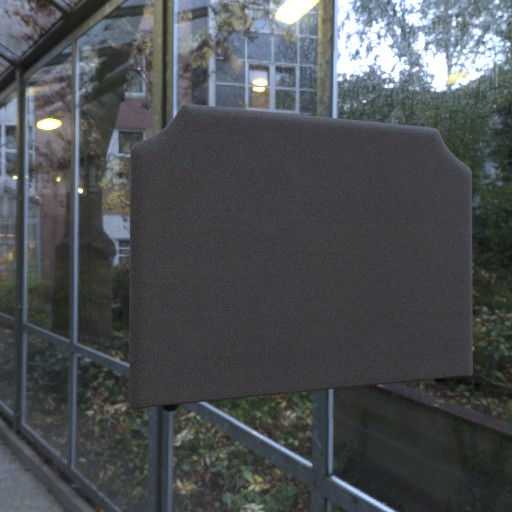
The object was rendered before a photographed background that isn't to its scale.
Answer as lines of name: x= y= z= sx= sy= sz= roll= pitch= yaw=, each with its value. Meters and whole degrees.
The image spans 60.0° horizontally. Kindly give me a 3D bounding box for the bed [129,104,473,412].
bed: x=0.000 y=0.000 z=3.017 sx=1.693 sy=1.290 sz=2.116 roll=0 pitch=0 yaw=-17

* **ABOUT THIS EXERCISE**
From the first line above to the line containing "Answer as lines", repeat each line exactly. Pictures stay out.

* **TASK RESULT**
The object was rendered before a photographed background that isn't to its scale.
Answer as lines of name: x= y= z= sx= sy= sz= roll= pitch= yaw=, each with its value. Meters and whole degrees.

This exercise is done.